→ DATA FOR THIS EXERCISE:
· · · · · · ·

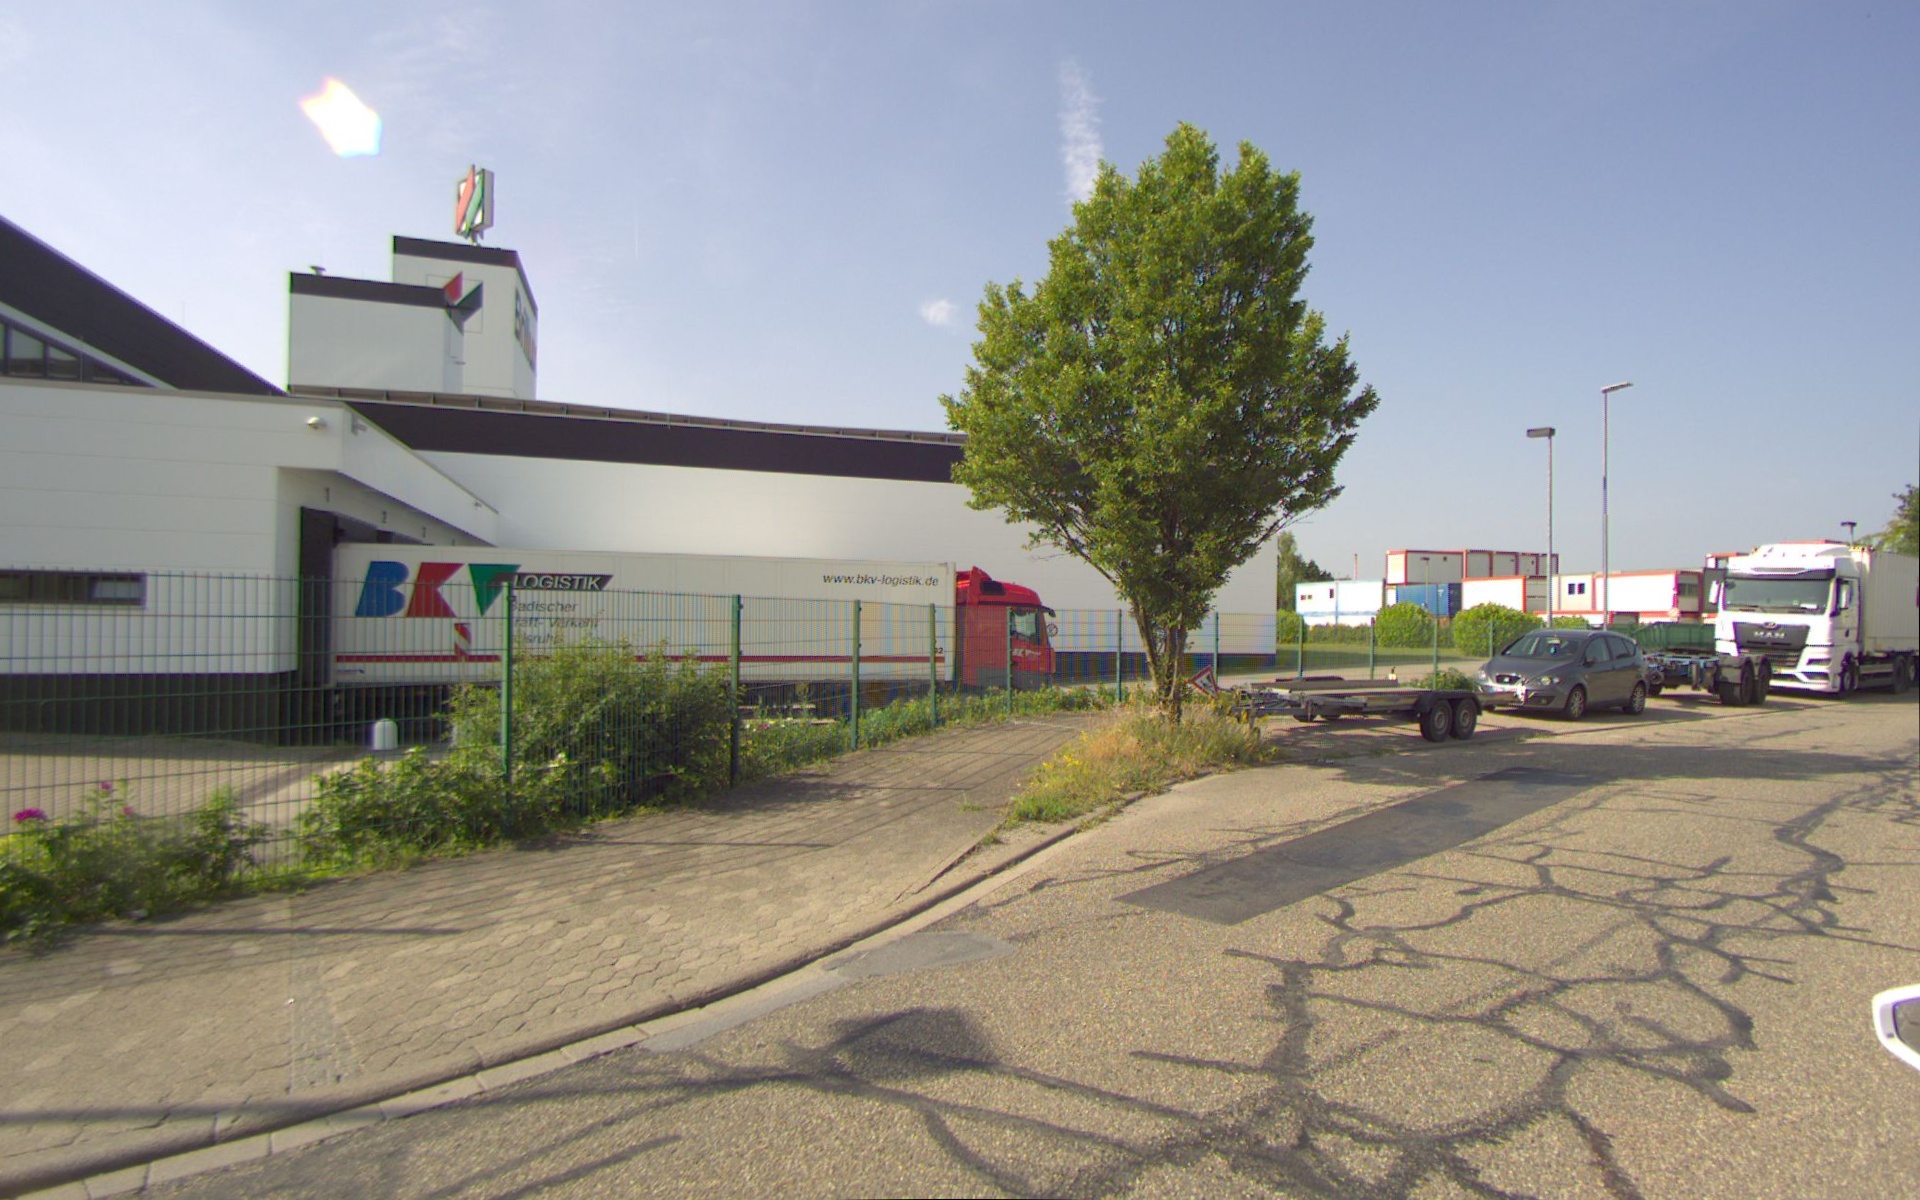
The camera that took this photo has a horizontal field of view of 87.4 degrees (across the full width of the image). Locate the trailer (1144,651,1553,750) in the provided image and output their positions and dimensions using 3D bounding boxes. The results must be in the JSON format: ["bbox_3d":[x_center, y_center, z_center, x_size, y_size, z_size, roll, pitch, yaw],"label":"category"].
[{"bbox_3d":[6.027,1.359,15.112,6.644,0.937,2.529,2,2,-36],"label":"trailer"}]

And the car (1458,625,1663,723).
[{"bbox_3d":[11.464,1.341,19.093,4.291,1.582,1.685,2,1,-35],"label":"car"}]

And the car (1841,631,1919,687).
[{"bbox_3d":[30.827,1.889,32.934,4.545,1.662,1.979,2,0,-37],"label":"car"}]

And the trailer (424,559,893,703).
[{"bbox_3d":[-9.252,1.110,32.441,13.794,4.060,2.851,2,0,-19],"label":"trailer"}]

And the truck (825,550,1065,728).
[{"bbox_3d":[-0.410,1.015,25.617,5.459,4.125,2.510,3,0,-19],"label":"truck"}]

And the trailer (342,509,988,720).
[{"bbox_3d":[-6.251,0.546,23.595,13.674,4.095,2.479,3,0,-19],"label":"trailer"}]

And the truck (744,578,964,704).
[{"bbox_3d":[-3.654,1.415,34.423,6.907,3.922,2.761,3,0,-20],"label":"truck"}]

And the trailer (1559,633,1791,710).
[{"bbox_3d":[16.250,1.548,22.792,5.023,1.473,2.665,2,-1,-33],"label":"trailer"}]

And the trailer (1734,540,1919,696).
[{"bbox_3d":[25.258,0.594,28.803,7.501,3.973,2.681,3,0,-35],"label":"trailer"}]

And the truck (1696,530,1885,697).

· · · · · · ·

→ WHAT TO DO: From the first line to the last, repeat the data above exactly and leave the pictures out.

→ RESPONSE AREA:
The camera that took this photo has a horizontal field of view of 87.4 degrees (across the full width of the image). Locate the trailer (1144,651,1553,750) in the provided image and output their positions and dimensions using 3D bounding boxes. The results must be in the JSON format: ["bbox_3d":[x_center, y_center, z_center, x_size, y_size, z_size, roll, pitch, yaw],"label":"category"].
[{"bbox_3d":[6.027,1.359,15.112,6.644,0.937,2.529,2,2,-36],"label":"trailer"}]

And the car (1458,625,1663,723).
[{"bbox_3d":[11.464,1.341,19.093,4.291,1.582,1.685,2,1,-35],"label":"car"}]

And the car (1841,631,1919,687).
[{"bbox_3d":[30.827,1.889,32.934,4.545,1.662,1.979,2,0,-37],"label":"car"}]

And the trailer (424,559,893,703).
[{"bbox_3d":[-9.252,1.110,32.441,13.794,4.060,2.851,2,0,-19],"label":"trailer"}]

And the truck (825,550,1065,728).
[{"bbox_3d":[-0.410,1.015,25.617,5.459,4.125,2.510,3,0,-19],"label":"truck"}]

And the trailer (342,509,988,720).
[{"bbox_3d":[-6.251,0.546,23.595,13.674,4.095,2.479,3,0,-19],"label":"trailer"}]

And the truck (744,578,964,704).
[{"bbox_3d":[-3.654,1.415,34.423,6.907,3.922,2.761,3,0,-20],"label":"truck"}]

And the trailer (1559,633,1791,710).
[{"bbox_3d":[16.250,1.548,22.792,5.023,1.473,2.665,2,-1,-33],"label":"trailer"}]

And the trailer (1734,540,1919,696).
[{"bbox_3d":[25.258,0.594,28.803,7.501,3.973,2.681,3,0,-35],"label":"trailer"}]

And the truck (1696,530,1885,697).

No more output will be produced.